With tablets becoming more popular and the massive push to cloud computing, the problem is going to get a lot worse fast and it's going to spread all over the world. I can just see people using a tablet who have their data sitting in the cloud complaining about the fact they can't call up their documents, emails, maps, to do lists, contacts, etc. Something they could do had the stuck with a traditional laptop.

I'm sure there are readers here who know more than I do about networking and the cellphone networks. I'm sure most will agree there's little you can do other than call AT&T and report the problem.

Any number of issues

Doc Searls's picture

Thanks for a long and thoughtful comment.

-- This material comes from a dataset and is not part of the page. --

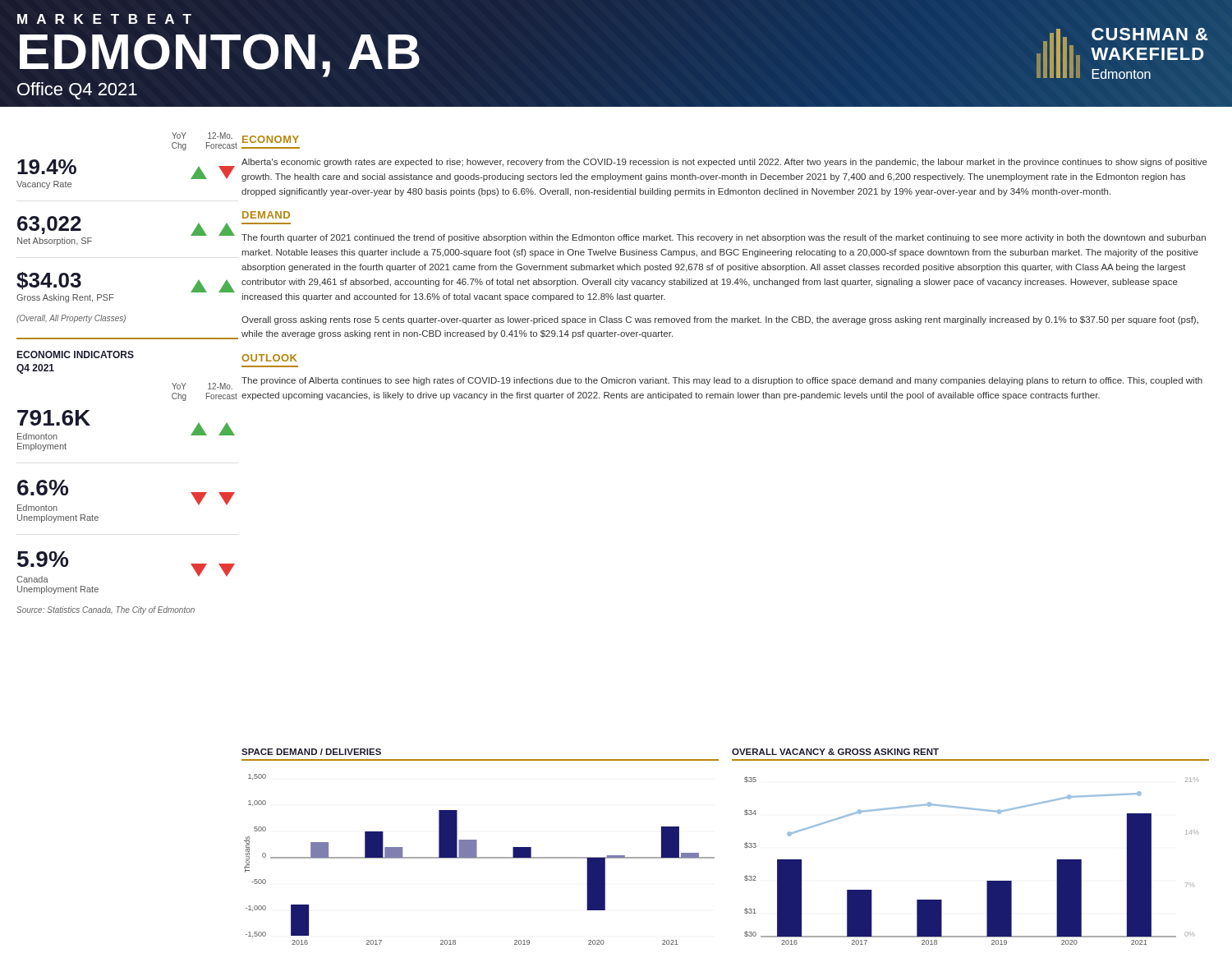Select the text that says "9% CanadaUnemployment Rate"
This screenshot has width=1232, height=953.
tap(42, 566)

I've moved on from that location now (and am writing this from another one on the AT&T cellular network), so I can't pursue a diagnostic course for this isolated case.

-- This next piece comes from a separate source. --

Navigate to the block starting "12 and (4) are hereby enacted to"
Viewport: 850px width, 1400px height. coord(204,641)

But your point about future stress on the network is an especially good one. More and more people will be using their mobile devices as radios and TVs. In the long run most of today's radio and TV, at least in urban and suburban areas, will migrate to the Net, mostly over wi-fi and cellular connections, neither of which are prepared today — much less optimized — for the inevitable.

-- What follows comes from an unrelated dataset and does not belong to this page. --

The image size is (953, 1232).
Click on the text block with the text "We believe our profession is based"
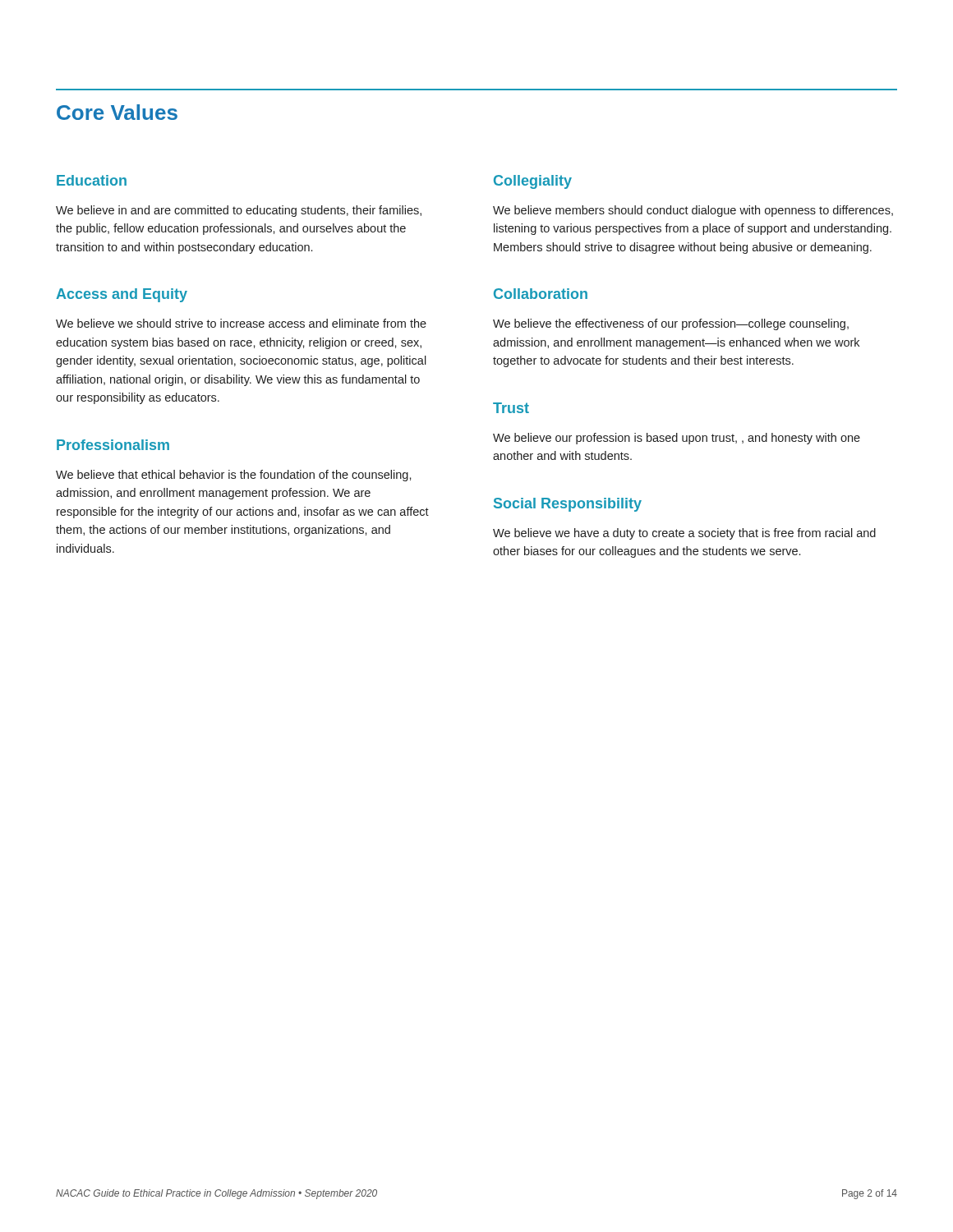point(694,447)

I already do most of my radio listening over my phone. In fact, this morning I was impressed while listening to SiriusXM, which made a graceful transition from hotel wi-fi to cellular data and back again. And this was at the location that gave me so much trouble earlier.

Click on any of the regional radio market ratings pages here and note that station streams are starting to show up. In San Francisco, KDFC's stream shows up while its signal does not. This is a harbinger of the future.

I am also sure there are engineers at phone and cable companies thinking this through. But the changes required are immense, and not certain to work. But having the long tail, especially the technical one, involved will be a big help.

Doc Searls is Senior Editor of Linux Journal

Multiple paths?

Doc Searls's picture

Here is the same ping test now, at 12:26am:

PING google.com (74.125.225.144): 56 data bytes
64 bytes from 74.125.225.144: icmp_seq=0 ttl=51 time=87.485 ms
64 bytes from 74.125.225.144: icmp_seq=1 ttl=51 time=69.432 ms
64 bytes from 74.125.225.144: icmp_seq=2 ttl=51 time=74.919 ms
64 bytes from 74.125.225.144: icmp_seq=3 ttl=51 time=89.601 ms
64 bytes from 74.125.225.144: icmp_seq=4 ttl=51 time=116.852 ms
Request timeout for icmp_seq 5
64 bytes from 74.125.225.144: icmp_seq=6 ttl=51 time=71.244 ms
64 bytes from 74.125.225.144: icmp_seq=7 ttl=51 time=68.192 ms
64 bytes from 74.125.225.144: icmp_seq=8 ttl=51 time=68.774 ms
64 bytes from 74.125.225.144: icmp_seq=9 ttl=51 time=63.503 ms
64 bytes from 74.125.225.144: icmp_seq=10 ttl=51 time=71.114 ms
64 bytes from 74.125.225.144: icmp_seq=11 ttl=51 time=80.305 ms
64 bytes from 74.125.225.144: icmp_seq=12 ttl=51 time=81.234 ms
64 bytes from 74.125.225.144: icmp_seq=13 ttl=51 time=69.312 ms
^C
--- google.com ping statistics ---
14 packets transmitted, 13 packets received, 7.1% packet loss
round-trip min/avg/max/stddev = 63.503/77.844/116.852/13.566 ms

The pattern is the same every day here. Useless during working hours and evenings, better in the middle of the night. Is this multiple paths?

FWIW, the Speedtest.net results are here. Not bad. But the Pingtest.net failed utterly.

Doc Searls is Senior Editor of Linux Journal

Multi-pathing

Howard Greenstein's picture

Since you're in Midtown, it is very likely that the ATT signal is just being blocked and hitting your phone from multiple paths.
Verizon does a better job (in NYC) than AT&T in figuring this out. That said, I literally work across the street from the Empire State Building and everyone still has cell issue.